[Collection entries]
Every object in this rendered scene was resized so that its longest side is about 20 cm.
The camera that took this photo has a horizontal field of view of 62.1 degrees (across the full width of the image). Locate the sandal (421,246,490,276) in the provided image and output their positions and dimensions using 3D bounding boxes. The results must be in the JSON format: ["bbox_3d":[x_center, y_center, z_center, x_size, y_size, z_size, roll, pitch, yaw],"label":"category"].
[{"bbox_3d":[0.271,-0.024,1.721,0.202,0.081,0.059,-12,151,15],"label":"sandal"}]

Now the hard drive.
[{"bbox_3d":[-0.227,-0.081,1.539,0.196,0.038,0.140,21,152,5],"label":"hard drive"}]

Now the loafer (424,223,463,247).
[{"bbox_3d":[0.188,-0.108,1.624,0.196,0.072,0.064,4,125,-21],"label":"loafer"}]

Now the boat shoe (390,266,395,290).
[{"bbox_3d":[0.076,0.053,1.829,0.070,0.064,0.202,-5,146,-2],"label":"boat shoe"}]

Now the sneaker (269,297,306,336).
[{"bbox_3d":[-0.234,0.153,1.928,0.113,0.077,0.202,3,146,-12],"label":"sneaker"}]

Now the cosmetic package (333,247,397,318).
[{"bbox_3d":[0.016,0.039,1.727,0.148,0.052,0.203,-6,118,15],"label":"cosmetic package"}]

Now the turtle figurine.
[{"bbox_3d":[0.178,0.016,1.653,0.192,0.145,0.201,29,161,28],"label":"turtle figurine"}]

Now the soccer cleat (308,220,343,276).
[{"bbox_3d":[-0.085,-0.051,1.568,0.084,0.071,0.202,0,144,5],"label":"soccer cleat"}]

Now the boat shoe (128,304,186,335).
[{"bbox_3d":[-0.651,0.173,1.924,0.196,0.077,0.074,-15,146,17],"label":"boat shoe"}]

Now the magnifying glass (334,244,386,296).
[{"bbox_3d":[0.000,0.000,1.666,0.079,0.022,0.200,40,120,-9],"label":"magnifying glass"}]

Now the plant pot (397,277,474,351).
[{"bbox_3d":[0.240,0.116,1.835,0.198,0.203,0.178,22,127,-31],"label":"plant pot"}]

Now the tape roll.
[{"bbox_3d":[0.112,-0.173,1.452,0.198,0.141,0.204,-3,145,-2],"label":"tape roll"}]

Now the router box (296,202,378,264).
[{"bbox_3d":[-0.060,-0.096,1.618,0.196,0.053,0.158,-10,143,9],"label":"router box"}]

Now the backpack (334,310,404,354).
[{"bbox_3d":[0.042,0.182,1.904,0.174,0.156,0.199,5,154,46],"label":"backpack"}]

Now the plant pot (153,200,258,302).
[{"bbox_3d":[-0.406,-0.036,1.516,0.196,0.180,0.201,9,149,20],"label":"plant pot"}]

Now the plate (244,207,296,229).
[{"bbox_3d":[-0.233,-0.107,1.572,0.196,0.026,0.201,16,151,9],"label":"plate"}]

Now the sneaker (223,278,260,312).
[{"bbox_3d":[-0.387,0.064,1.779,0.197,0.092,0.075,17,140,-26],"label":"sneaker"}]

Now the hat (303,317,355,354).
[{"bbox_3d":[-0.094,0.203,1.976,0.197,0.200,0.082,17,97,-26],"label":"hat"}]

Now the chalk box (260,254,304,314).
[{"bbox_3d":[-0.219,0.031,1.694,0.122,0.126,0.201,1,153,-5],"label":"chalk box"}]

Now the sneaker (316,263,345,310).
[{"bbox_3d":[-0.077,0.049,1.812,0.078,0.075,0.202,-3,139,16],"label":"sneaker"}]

_Assignment_: All lines from the records above should be copied exactly.

_Output for this exercise_:
Every object in this rendered scene was resized so that its longest side is about 20 cm.
The camera that took this photo has a horizontal field of view of 62.1 degrees (across the full width of the image). Locate the sandal (421,246,490,276) in the provided image and output their positions and dimensions using 3D bounding boxes. The results must be in the JSON format: ["bbox_3d":[x_center, y_center, z_center, x_size, y_size, z_size, roll, pitch, yaw],"label":"category"].
[{"bbox_3d":[0.271,-0.024,1.721,0.202,0.081,0.059,-12,151,15],"label":"sandal"}]

Now the hard drive.
[{"bbox_3d":[-0.227,-0.081,1.539,0.196,0.038,0.140,21,152,5],"label":"hard drive"}]

Now the loafer (424,223,463,247).
[{"bbox_3d":[0.188,-0.108,1.624,0.196,0.072,0.064,4,125,-21],"label":"loafer"}]

Now the boat shoe (390,266,395,290).
[{"bbox_3d":[0.076,0.053,1.829,0.070,0.064,0.202,-5,146,-2],"label":"boat shoe"}]

Now the sneaker (269,297,306,336).
[{"bbox_3d":[-0.234,0.153,1.928,0.113,0.077,0.202,3,146,-12],"label":"sneaker"}]

Now the cosmetic package (333,247,397,318).
[{"bbox_3d":[0.016,0.039,1.727,0.148,0.052,0.203,-6,118,15],"label":"cosmetic package"}]

Now the turtle figurine.
[{"bbox_3d":[0.178,0.016,1.653,0.192,0.145,0.201,29,161,28],"label":"turtle figurine"}]

Now the soccer cleat (308,220,343,276).
[{"bbox_3d":[-0.085,-0.051,1.568,0.084,0.071,0.202,0,144,5],"label":"soccer cleat"}]

Now the boat shoe (128,304,186,335).
[{"bbox_3d":[-0.651,0.173,1.924,0.196,0.077,0.074,-15,146,17],"label":"boat shoe"}]

Now the magnifying glass (334,244,386,296).
[{"bbox_3d":[0.000,0.000,1.666,0.079,0.022,0.200,40,120,-9],"label":"magnifying glass"}]

Now the plant pot (397,277,474,351).
[{"bbox_3d":[0.240,0.116,1.835,0.198,0.203,0.178,22,127,-31],"label":"plant pot"}]

Now the tape roll.
[{"bbox_3d":[0.112,-0.173,1.452,0.198,0.141,0.204,-3,145,-2],"label":"tape roll"}]

Now the router box (296,202,378,264).
[{"bbox_3d":[-0.060,-0.096,1.618,0.196,0.053,0.158,-10,143,9],"label":"router box"}]

Now the backpack (334,310,404,354).
[{"bbox_3d":[0.042,0.182,1.904,0.174,0.156,0.199,5,154,46],"label":"backpack"}]

Now the plant pot (153,200,258,302).
[{"bbox_3d":[-0.406,-0.036,1.516,0.196,0.180,0.201,9,149,20],"label":"plant pot"}]

Now the plate (244,207,296,229).
[{"bbox_3d":[-0.233,-0.107,1.572,0.196,0.026,0.201,16,151,9],"label":"plate"}]

Now the sneaker (223,278,260,312).
[{"bbox_3d":[-0.387,0.064,1.779,0.197,0.092,0.075,17,140,-26],"label":"sneaker"}]

Now the hat (303,317,355,354).
[{"bbox_3d":[-0.094,0.203,1.976,0.197,0.200,0.082,17,97,-26],"label":"hat"}]

Now the chalk box (260,254,304,314).
[{"bbox_3d":[-0.219,0.031,1.694,0.122,0.126,0.201,1,153,-5],"label":"chalk box"}]

Now the sneaker (316,263,345,310).
[{"bbox_3d":[-0.077,0.049,1.812,0.078,0.075,0.202,-3,139,16],"label":"sneaker"}]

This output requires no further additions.